A recent study by Mandl et al. described reduced (but not absent) in vitro production of IFN-α in response to TLR-7 and -9 stimulation by pDCs of SMs when compared with the same cells of RMs (29). Based on these results, these authors proposed a model in which the low immune activation of SIV-infected SMs is the consequence of a muted innate immune response to the virus. A prediction of this hypothesis would have been that reduced upregulation of ISGs is present during acute SIV infection of SMs. Our in vivo analysis, however, does not confirm this prediction and instead indicates very clearly that acute SIV infection of SMs is associated with an ISG upregulation that is similar, if not even stronger, than that observed in SIV-infected RMs. This apparent discrepancy could possibly be reconciled by postulating that the early type I IFN response is saturated during acute SIV infection due to high levels of viremia and/or the early upregulation of ISGs in SMs occurs primarily via a TLR-7/9–independent mechanism and/or that, in these animals, additional non-pDC cell types may contribute to the production of type I IFNs during acute SIV infection. While recent data have demonstrated desensitization to IFN-α/β signaling in HIV-infected subjects (45), PBMCs from chronically SIV-infected SMs retained the ability to upregulate ISGs, suggesting that refractoriness to type I IFN does not mediate the postacute downregulation of ISGs. In any event, the current set of data demonstrates unequivocally that a muted IFN-α response during acute infection is neither a feature nor a requirement for reaching a state of nonpathogenicity in SIV-infected SMs.
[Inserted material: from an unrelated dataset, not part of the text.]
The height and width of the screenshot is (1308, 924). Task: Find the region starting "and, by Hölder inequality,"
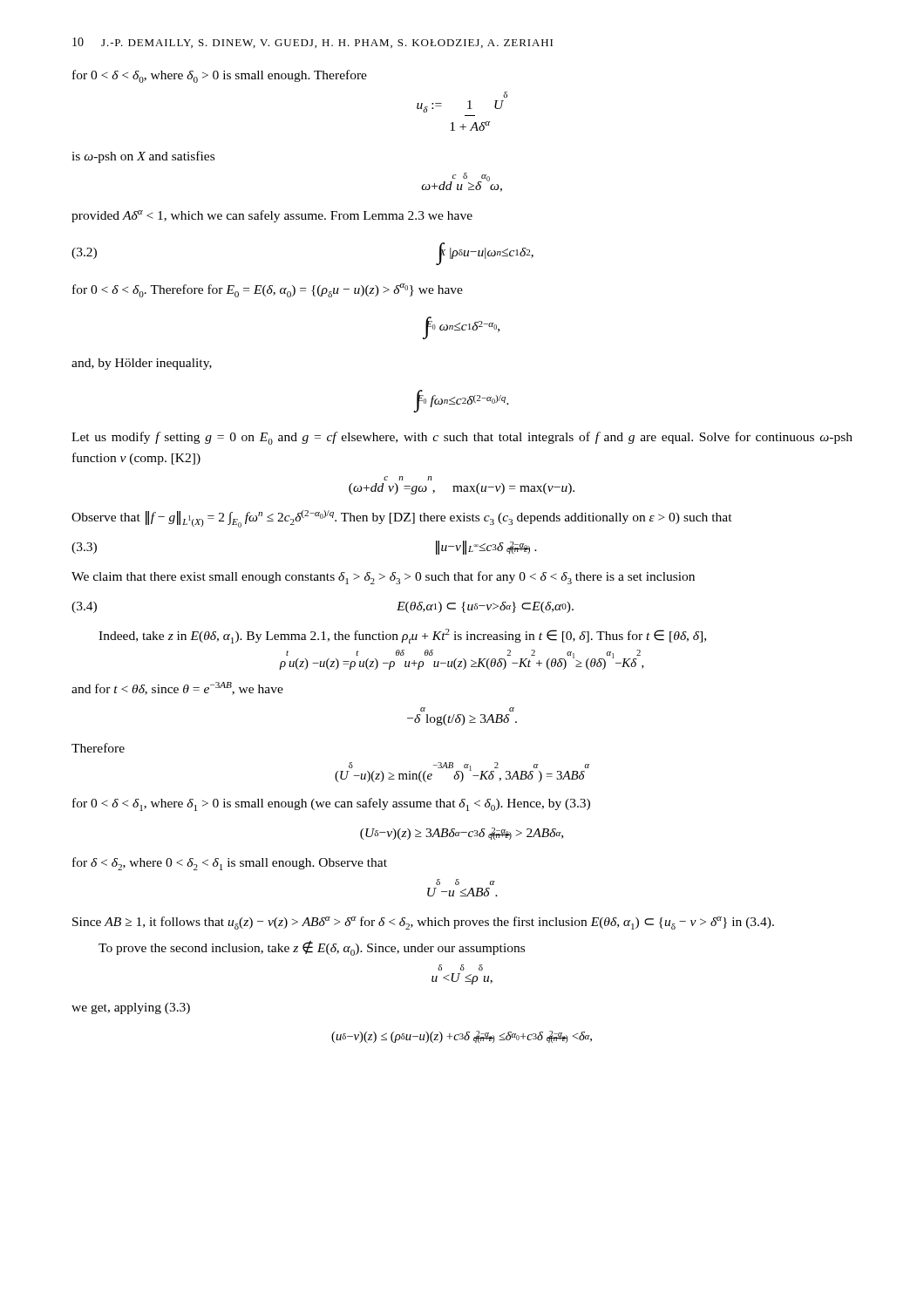tap(142, 363)

Of note, we observed no significant increase in transcripts for type I IFNs in blood or LNs, despite comprehensive representation of multiple IFN-α subtypes on the array. This observation is consistent with a recent study in which plasma levels of IFN-α were measured by ELISA in SIV-infected SMs (31) and suggests that upregulation of ISGs represents a much more sensitive indication of the presence of an active type I IFN response in vivo. It is also worth noting that increases in bioactive IFN-α have been detected in plasma from acutely SIV-infected AGMs using bioassays that have an increased sensitivity compared with protein detection by ELISA (56). Importantly, recent immunohistochemistry data have demonstrated that IFN-α can be detected in the LNs of acutely SIVsmm-infected SMs and colocalizes with CD123, suggesting local production of IFN-α by pDCs during the acute phase (J.D. Estes, unpublished observations). This observation is compatible with our finding of a strong ISG induction during acute SIV infection of SMs in both blood and LNs.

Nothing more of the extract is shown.